Iran puts 6th gas pipeline on stream
29-12-08 Iran has put into operation its sixth cross-country gas pipeline to transfer sweetened gas in phases 9 and 10 of the South Pars field.
"The 492-km transmission pipeline has the capacity to carry 110 mm cm of sweet gas per day," said Azizollah Ramezani, the managing director of National Iranian Gas Company (NIGC).
The pipeline will feed the southern Iranian provinces of Khuzestan and Bushehr; it also raises the prospect of Iran beginning gas exports to Kuwait. Iran has set ambitious objectives for its gas sector and has managed to raise its 2007 production to 169 bn cubic yards.
The country plans to increase its output to 617.5 bn cubic yards by 2020. The target if achieved would allow the country to become the third largest gas producer.
Oil Minister Gholamhossein Nozari said that phases 9 and 10 which are the largest national projects will join the country's gas network on the occasion of the Ten-Day-Dawn ceremonies marking the victory anniversary of the 1979 Islamic Revolution
(February 1-10). He praised great efforts made by all those involved in the country's oil industry development projects.
Nozari also met with Russian Energy Minister Sergei Shmatko and Gazprom chief Alexei Miller to discuss energy cooperation and the recently formalized Gas Exporting Countries Forum. Nozari described the meeting as positive, saying it was a significant sign of Russian leadership in the energy sector as the indoctrination of a formal GECF charter took place in Moscow, calling it a significant event.
The Iranian minister said he had extended a formal invitation to visit Tehran to his Russian partners in the energy sector. GECF members formalized the institution in Moscow to coordinate efforts among major natural gas producers. The GECF was envisaged in Tehran in 2001.
Russian Prime Minister Vladimir Putin told the delegation the area of cheap natural gas was over.
"Gas OPEC can affect future political developments in Iran's favour and increase its influence in the eastern half of
Europe," Majlis Foreign Policy and National Security Committee member Eivaz Heidarpour said. "Since Iran proposed the formation of this organization, naturally it is deemed as one of the pillars of it," he told.
Supreme Leader Ayatollah Seyyed Ali Khamenei proposed the idea of setting up an organization of gas cooperation like OPEC in 2007.
Heidarpour also said the European countries are concerned about the emergence of the gas grouping as it will make the Muslim world, particularly the Middle East, more influential on the international stage.
"As economy plays a vital role in politics, the organization will give its member states more political clout and this will ease the pressure imposed on Iran by the Western powers," Heidarpour noted.
Iran has added energy to the quiver of its diplomatic and political arrows.
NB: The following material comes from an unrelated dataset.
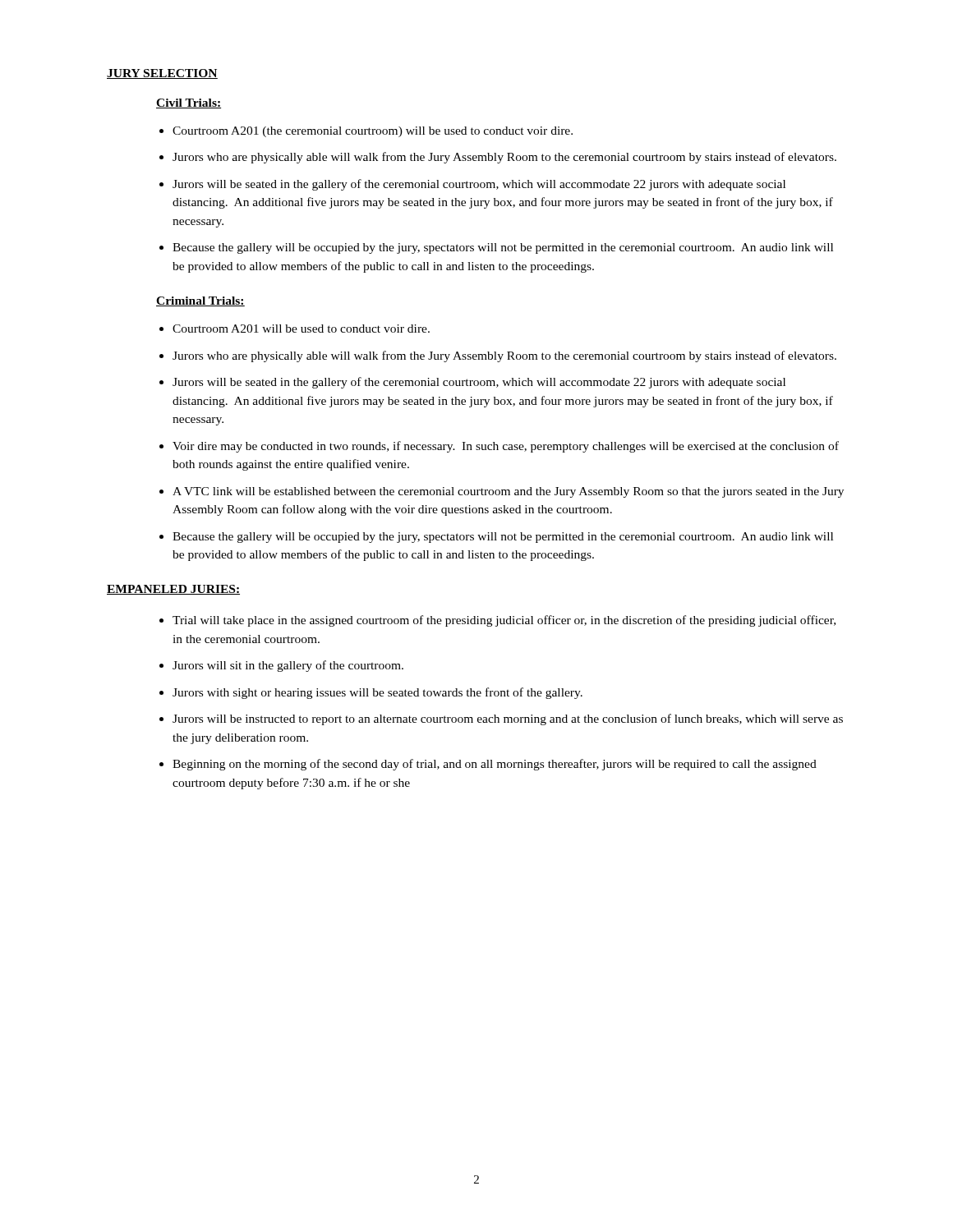This screenshot has width=953, height=1232.
Task: Click the passage that begins "Courtroom A201 (the ceremonial courtroom) will be"
Action: pos(509,131)

Its advance to the global gas market could disrupt the current balance of interests forever.
If a marker is to be put down, the turning point came on March 17 when Iran and
Switzerland signed a 25-year gas deal. According to the Swiss government, the deal between Elektrizitaetsgesellschaft Laufenburg and the National Iranian Gas Export Company is worth $ 42 bn. It is the first of its kind in the recent past in which a European energy company has actually signed a firm contract with Iran.
That the deal signified a watershed in the geopolitics of energy security was apparent from the presence of Mottaki and visiting Swiss Foreign Minister Micheline Calmy-Rey at the signing ceremony in Tehran. Indeed, Calmy-Rey acknowledged that Switzerland has a strategic interest to secure Iran's gas supplies and diversify its gas suppliers.
Looking ahead, a report noted, "Following the Swiss-Iranian deal, some European leaders have voiced concern about new investment in LNG, the sector in which groups such as Total, Royal Dutch Shell and Austria's OMV have struck preliminary agreements with Iran but have yet to sign formal contracts."
Iran's Swiss deal has alerted world capitals. Chinahas speeded up negotiations over its $ 16 bn gas deal over Iran's North Pars gas field. China's National Offshore Oil Corporation signed a memorandum in 2007 to expand the gas reserves of the North Pars field and also purchase LNG from the output for a 25-year period.
It will be China's second big energy deal, with the Chinese oil refinery Sinopec having signed in early March a $ 2 bn deal to develop Iran's Yadavaran oil field.
Iran has multiple choices from the East and West. Principal among them is Russia's Gazprom. To be sure, Moscow has speeded up its energy dialogue with Iran in recent weeks. On April 23, the Iranian government and Gazprom signed a memorandum of understanding to cooperate in the development of oil and gas fields, as well as investment and exploratory studies.
Gazprom's bid is to secure the rights to develop several sites at Iran's South Pars gas field in the Persian Gulf and the North Azadegan oil deposit in southern Iran. Gazprom is already participating in the development ofthe South Pars' second and third stages jointly with France's TotalFinaElf and Malaysia's Petronas.